#### Given data:
"""
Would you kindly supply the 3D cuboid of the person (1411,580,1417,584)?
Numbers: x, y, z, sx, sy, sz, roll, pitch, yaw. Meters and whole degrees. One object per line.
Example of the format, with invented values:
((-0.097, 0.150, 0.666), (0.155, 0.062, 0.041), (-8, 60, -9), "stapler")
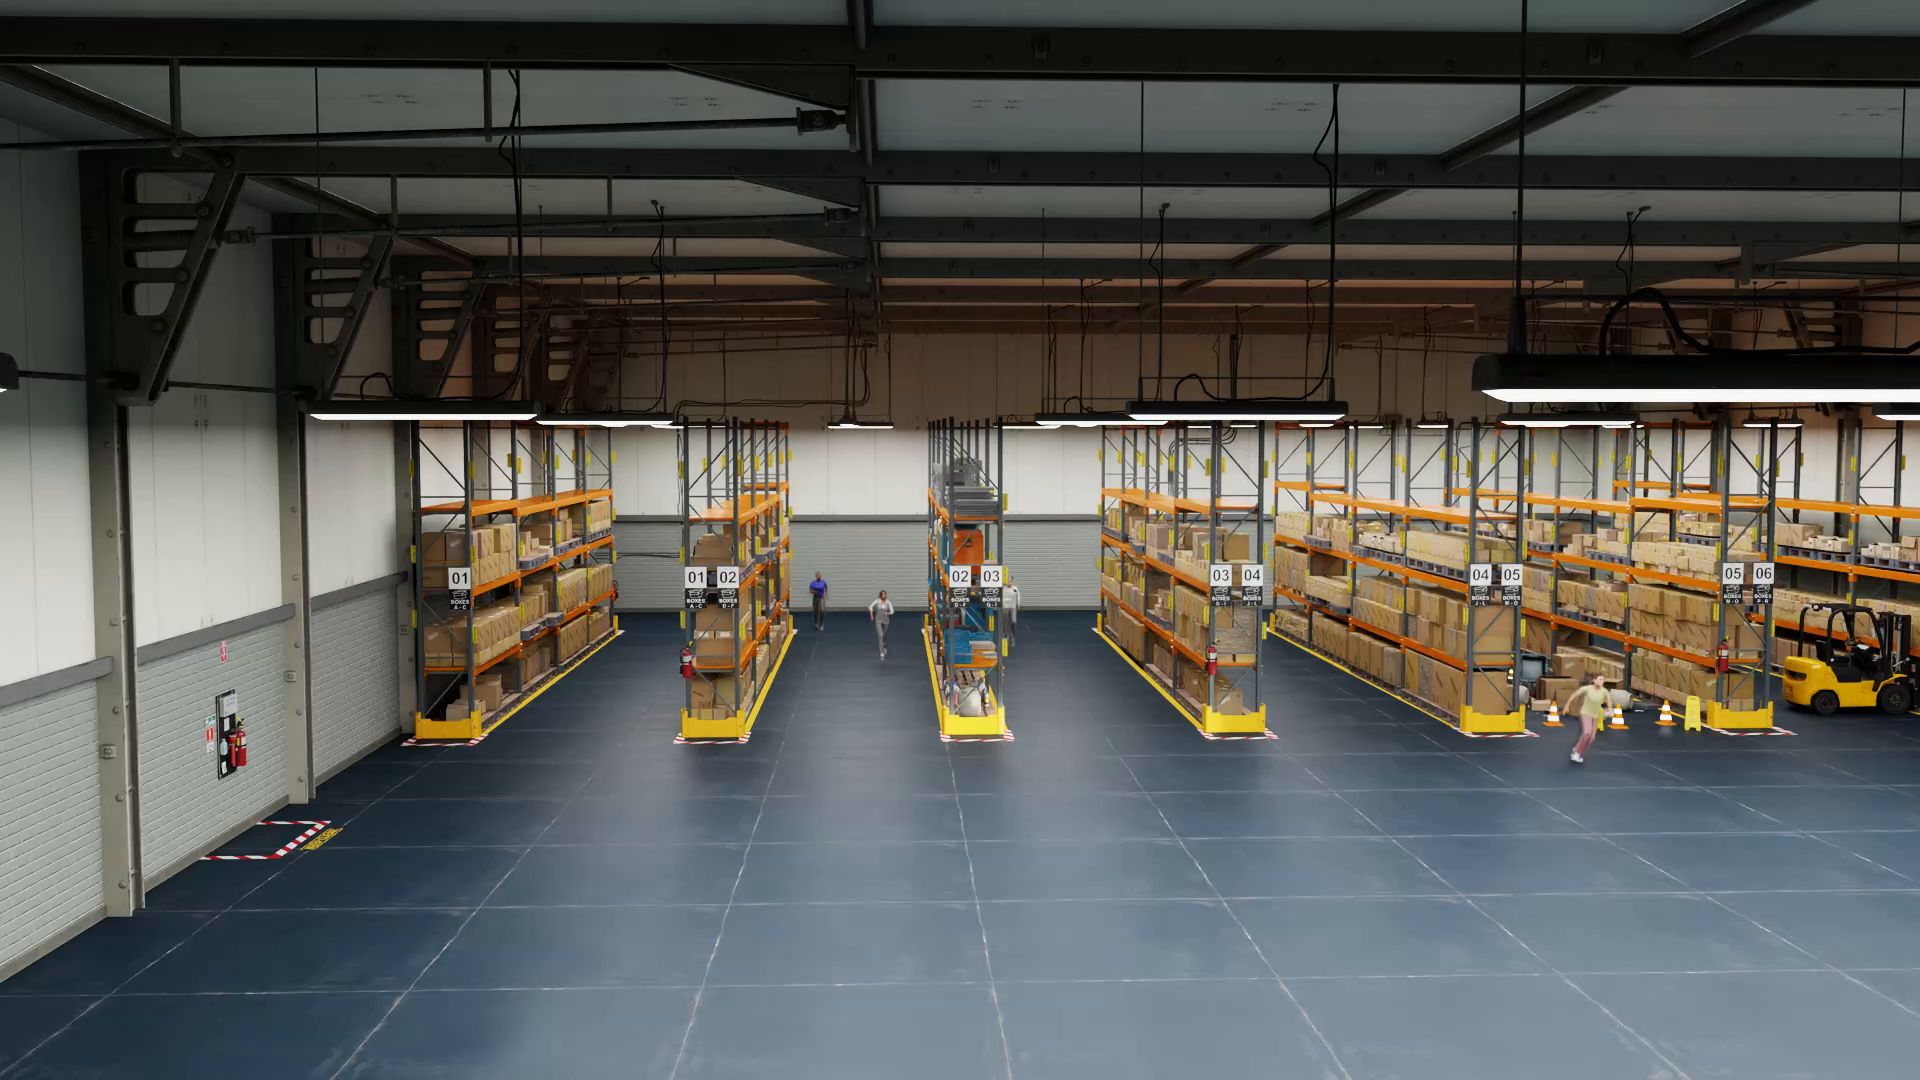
"""
#### Exercise instructions:
In the data above, the line containing "Numbers: x, y, z, sx, sy, sz, roll, pitch, yaw." and all lines after it are to be reproduced exactly, leaving out the pictures.

#### Response to this task:
Numbers: x, y, z, sx, sy, sz, roll, pitch, yaw. Meters and whole degrees. One object per line.
Example of the format, with invented values:
((-0.097, 0.150, 0.666), (0.155, 0.062, 0.041), (-8, 60, -9), "stapler")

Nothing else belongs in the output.